## WHAT IS REQUIRED
Of the lines listed below, return exactly those that run from the line containing "text * [612, 418, 630, 438]" through the line containing "text 78 [42, 1451, 1015, 1471]", both included.

##### RECORDS

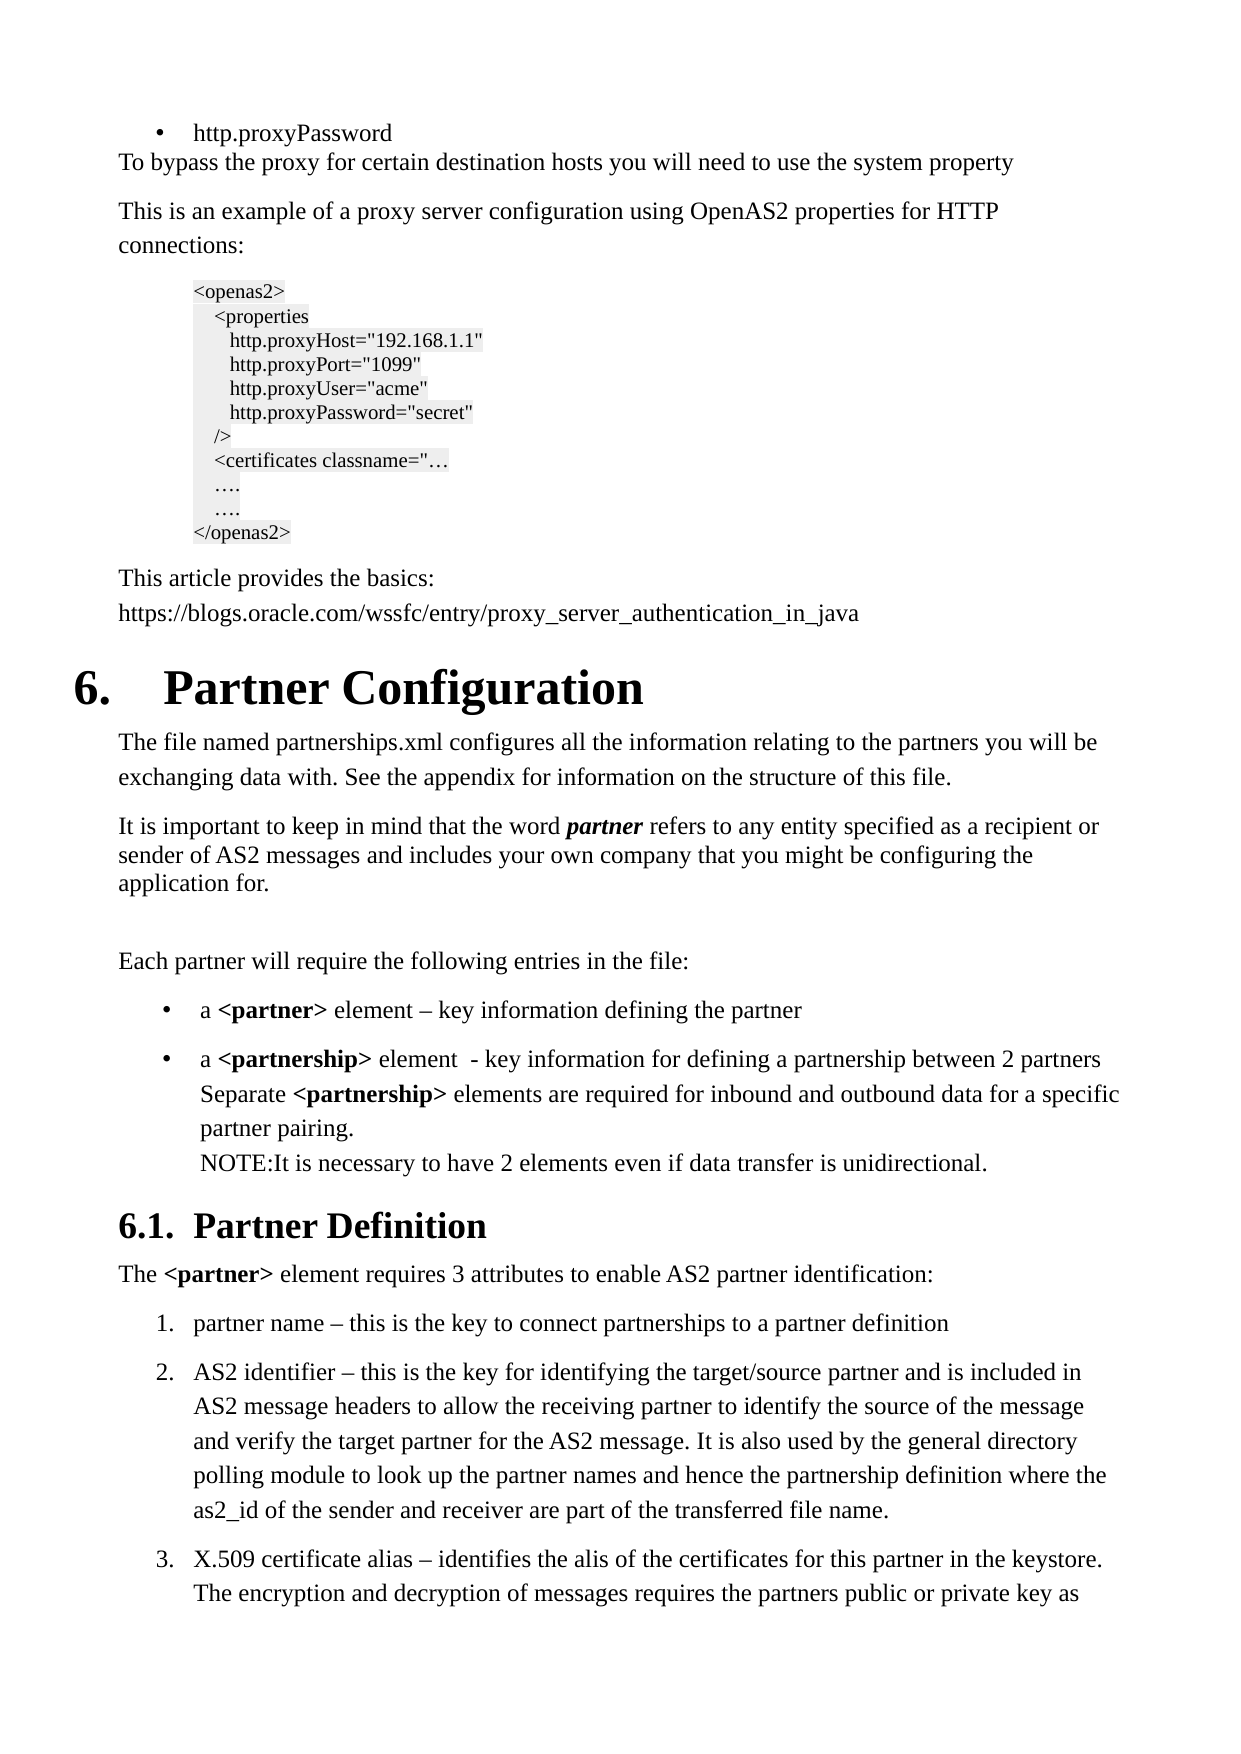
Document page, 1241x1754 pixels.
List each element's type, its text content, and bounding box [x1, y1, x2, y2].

text The <partner> element requires 3 attributes to enable AS2 partner identification: [118, 1259, 1122, 1288]
text </openas2> [193, 520, 1122, 544]
text The file named partnerships.xml configures all the information relating to the partners you will be exchanging data with. See the appendix for information on the structure of this file. [118, 727, 1122, 791]
text <certificates classname="… [193, 448, 1122, 472]
text http.proxyHost="192.168.1.1" [193, 328, 1122, 352]
text It is important to keep in mind that the word partner refers to any entity specified as a recipient or sender of AS2 messages and includes your own company that you might be configuring the application for. [118, 811, 1122, 897]
text To bypass the proxy for certain destination hosts you will need to use the system property [118, 147, 1122, 176]
list X.509 certificate alias – identifies the alis of the certificates for this partner in the keystore. The encryption and decryption of messages requires the partners public or private key as [156, 1544, 1122, 1607]
text http.proxyPassword="secret" [193, 400, 1122, 424]
list AS2 identifier – this is the key for identifying the target/source partner and is included in AS2 message headers to allow the receiving partner to identify the source of the message and verify the target partner for the AS2 message. It is also used by the general directory polling module to look up the partner names and hence the partnership definition where the as2_id of the sender and receiver are part of the transferred file name. [156, 1357, 1122, 1524]
subtitle Partner Configuration [73, 657, 1122, 715]
list partner name – this is the key to connect partnerships to a partner definition [156, 1308, 1122, 1337]
text This is an example of a proxy server configuration using OpenAS2 properties for HTTP connections: [118, 196, 1122, 259]
text http.proxyUser="acme" [193, 376, 1122, 400]
text http.proxyPort="1099" [193, 352, 1122, 376]
text …. [193, 496, 1122, 520]
list http.proxyPassword [156, 118, 1122, 147]
text <openas2> [193, 279, 1122, 303]
subtitle Partner Definition [118, 1203, 1122, 1246]
text Each partner will require the following entries in the file: [118, 946, 1122, 975]
list a <partnership> element - key information for defining a partnership between 2 partners Separate <partnership> elements are required for inbound and outbound data for a specific partner pairing. NOTE:It is necessary to have 2 elements even if data transfer is unidirectional. [162, 1044, 1122, 1177]
text <properties [193, 303, 1122, 328]
list a <partner> element – key information defining the partner [162, 995, 1122, 1024]
text This article provides the basics: https://blogs.oracle.com/wssfc/entry/proxy_server_authentication_in_java [118, 563, 1122, 627]
text /> [193, 424, 1122, 448]
text …. [193, 472, 1122, 496]
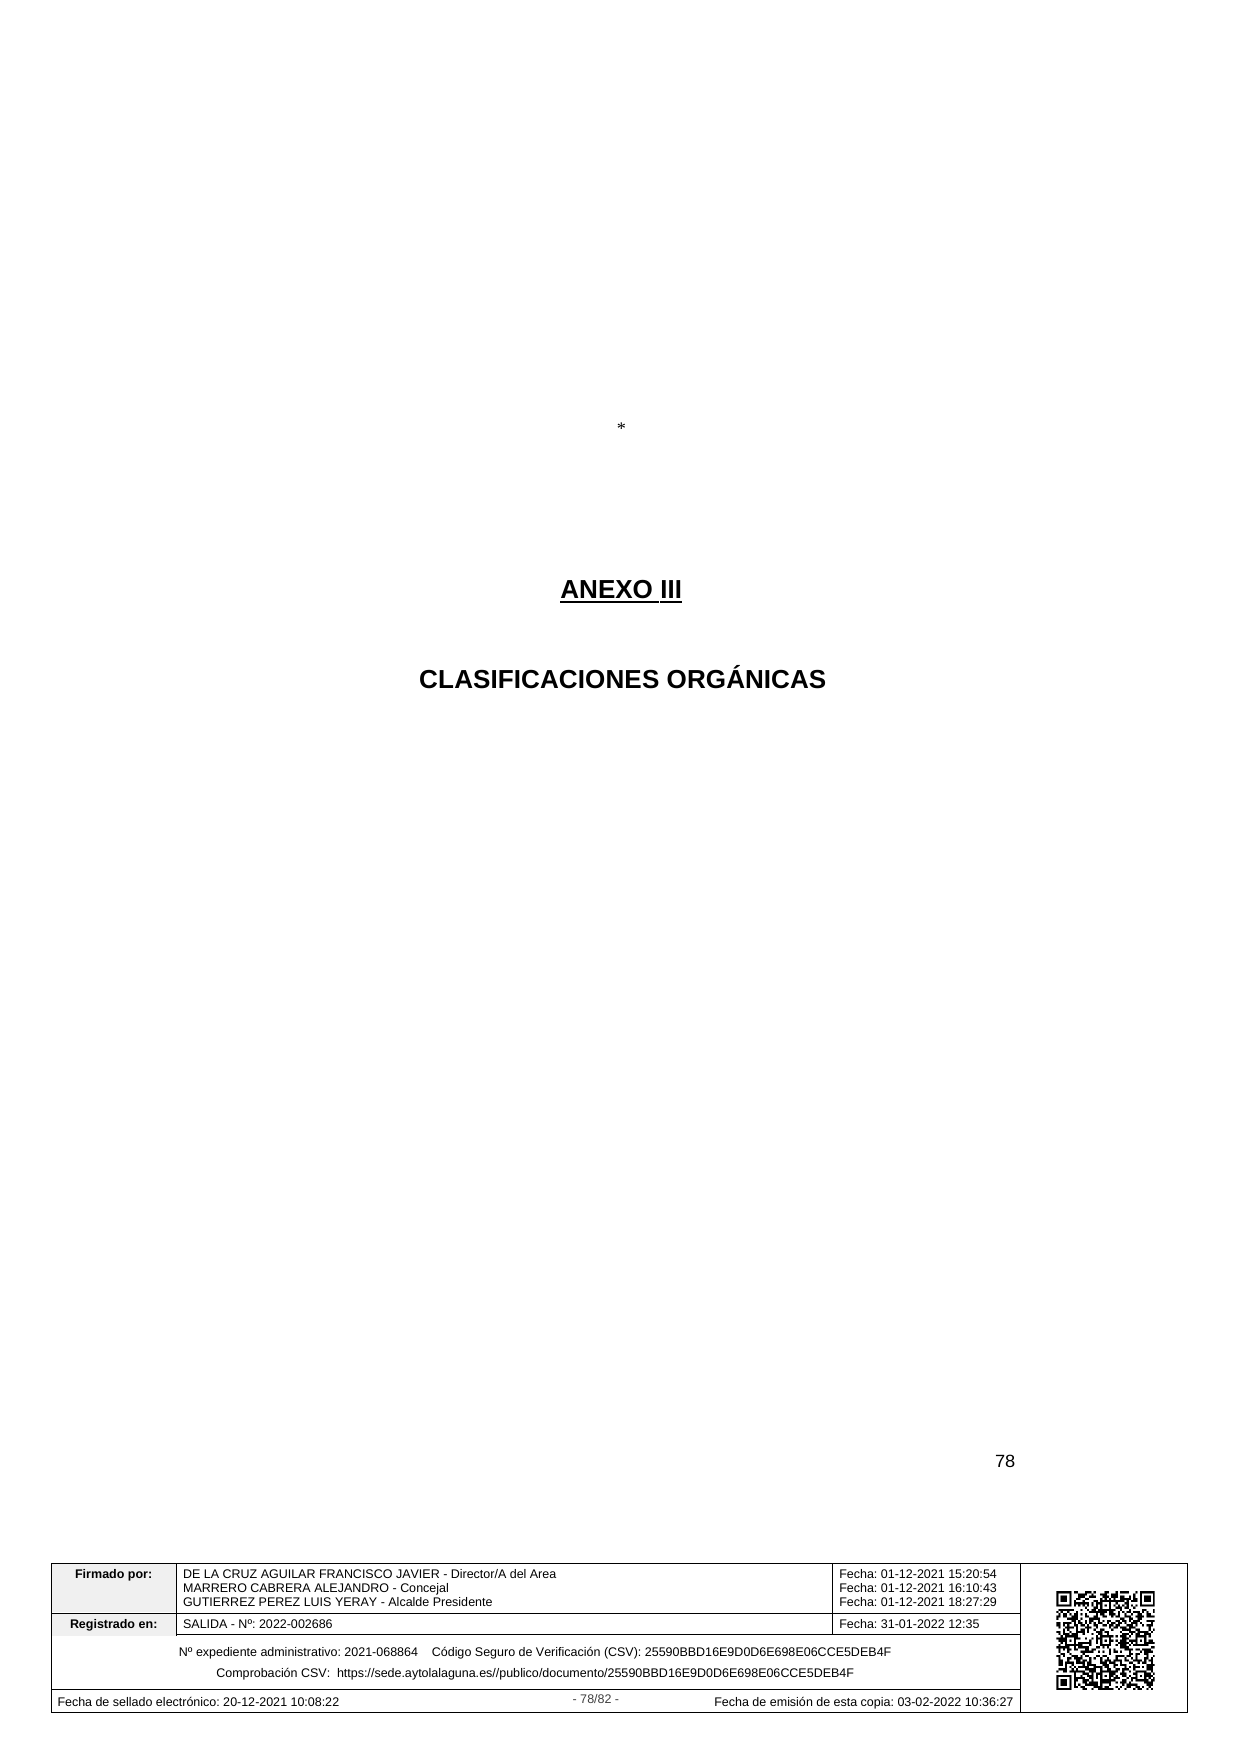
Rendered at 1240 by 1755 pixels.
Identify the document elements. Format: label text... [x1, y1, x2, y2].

table_header Fecha: 01-12-2021 15:20:54 Fecha: 01-12-2021 16:10:43 Fecha: 01-12-2021 18:27:29 [833, 1564, 1020, 1612]
table_cell Nº expediente administrativo: 2021-068864 Código Seguro de Verificación (CSV): 25590BBD16E9D0D6E698E06CCE5DEB4F Comprobación CSV: https://sede.aytolalaguna.es//publico/documento/25590BBD16E9D0D6E698E06CCE5DEB4F [52, 1635, 1020, 1688]
text * [612, 418, 630, 438]
table_header [1021, 1564, 1187, 1712]
table_cell Fecha de sellado electrónico: 20-12-2021 10:08:22 - 78/82 - Fecha de emisión de esta copia: 03-02-2022 10:36:27 [52, 1690, 1020, 1712]
table_cell Registrado en: [52, 1614, 176, 1634]
table_cell Fecha: 31-01-2022 12:35 [833, 1614, 1020, 1634]
text 78 [42, 1451, 1015, 1471]
table_header DE LA CRUZ AGUILAR FRANCISCO JAVIER - Director/A del Area MARRERO CABRERA ALEJANDRO - Concejal GUTIERREZ PEREZ LUIS YERAY - Alcalde Presidente [177, 1564, 832, 1612]
table_cell SALIDA - Nº: 2022-002686 [177, 1614, 832, 1634]
table_header Firmado por: [52, 1564, 176, 1612]
text ANEXO III [555, 574, 686, 604]
text CLASIFICACIONES ORGÁNICAS [419, 664, 1200, 693]
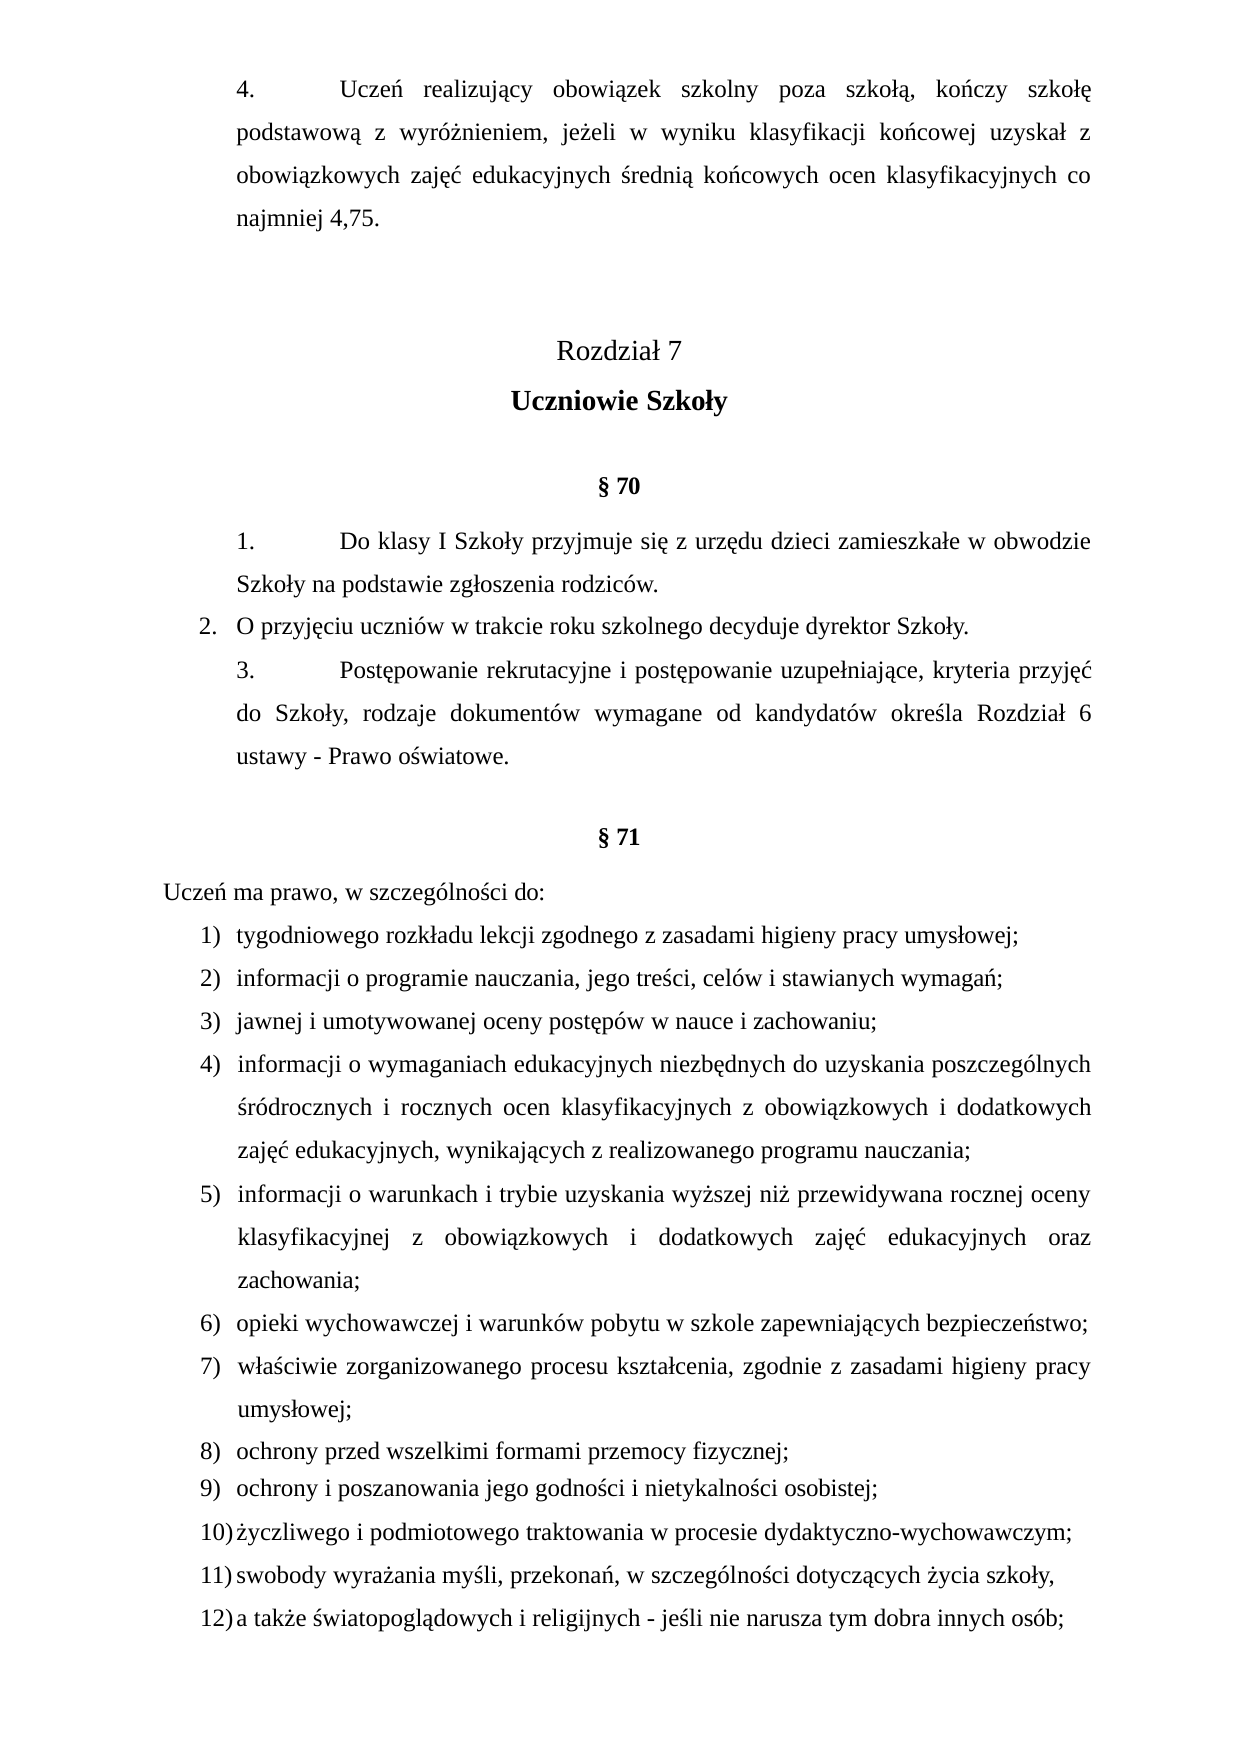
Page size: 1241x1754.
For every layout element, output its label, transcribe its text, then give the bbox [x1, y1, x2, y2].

list opieki wychowawczej i warunków pobytu w szkole zapewniających bezpieczeństwo; [200, 1308, 1105, 1337]
list a także światopoglądowych i religijnych - jeśli nie narusza tym dobra innych osób; [200, 1603, 1105, 1632]
list jawnej i umotywowanej oceny postępów w nauce i zachowaniu; [200, 1006, 1105, 1035]
list ochrony i poszanowania jego godności i nietykalności osobistej; [200, 1473, 1105, 1502]
list swobody wyrażania myśli, przekonań, w szczególności dotyczących życia szkoły, [200, 1560, 1105, 1588]
list informacji o programie nauczania, jego treści, celów i stawianych wymagań; [200, 963, 1105, 992]
list O przyjęciu uczniów w trakcie roku szkolnego decyduje dyrektor Szkoły. [199, 612, 1105, 640]
list Uczeń realizujący obowiązek szkolny poza szkołą, kończy szkołę podstawową z wyróżnieniem, jeżeli w wyniku klasyfikacji końcowej uzyskał z obowiązkowych zajęć edukacyjnych średnią końcowych ocen klasyfikacyjnych co najmniej 4,75. [236, 74, 1092, 232]
text Uczeń ma prawo, w szczególności do: [162, 877, 546, 906]
list życzliwego i podmiotowego traktowania w procesie dydaktyczno-wychowawczym; [200, 1517, 1105, 1546]
subtitle § 70 [133, 471, 1105, 499]
list tygodniowego rozkładu lekcji zgodnego z zasadami higieny pracy umysłowej; [200, 920, 1105, 949]
list właściwie zorganizowanego procesu kształcenia, zgodnie z zasadami higieny pracy umysłowej; [200, 1351, 1091, 1423]
list informacji o warunkach i trybie uzyskania wyższej niż przewidywana rocznej oceny klasyfikacyjnej z obowiązkowych i dodatkowych zajęć edukacyjnych oraz zachowania; [200, 1179, 1092, 1294]
list informacji o wymaganiach edukacyjnych niezbędnych do uzyskania poszczególnych śródrocznych i rocznych ocen klasyfikacyjnych z obowiązkowych i dodatkowych zajęć edukacyjnych, wynikających z realizowanego programu nauczania; [200, 1049, 1092, 1164]
list ochrony przed wszelkimi formami przemocy fizycznej; [200, 1437, 1105, 1466]
list Do klasy I Szkoły przyjmuje się z urzędu dzieci zamieszkałe w obwodzie Szkoły na podstawie zgłoszenia rodziców. [236, 526, 1091, 598]
subtitle Rozdział 7 Uczniowie Szkoły [133, 333, 1105, 417]
subtitle § 71 [133, 822, 1105, 851]
list Postępowanie rekrutacyjne i postępowanie uzupełniające, kryteria przyjęć do Szkoły, rodzaje dokumentów wymagane od kandydatów określa Rozdział 6 ustawy - Prawo oświatowe. [236, 655, 1093, 770]

##########

## THE COMPLETED TASK
text * [612, 418, 630, 438]
table_header [1021, 1564, 1187, 1712]
table_cell Fecha de sellado electrónico: 20-12-2021 10:08:22 - 78/82 - Fecha de emisión de esta copia: 03-02-2022 10:36:27 [52, 1690, 1020, 1712]
table_cell Registrado en: [52, 1614, 176, 1634]
table_cell Fecha: 31-01-2022 12:35 [833, 1614, 1020, 1634]
text 78 [42, 1451, 1015, 1471]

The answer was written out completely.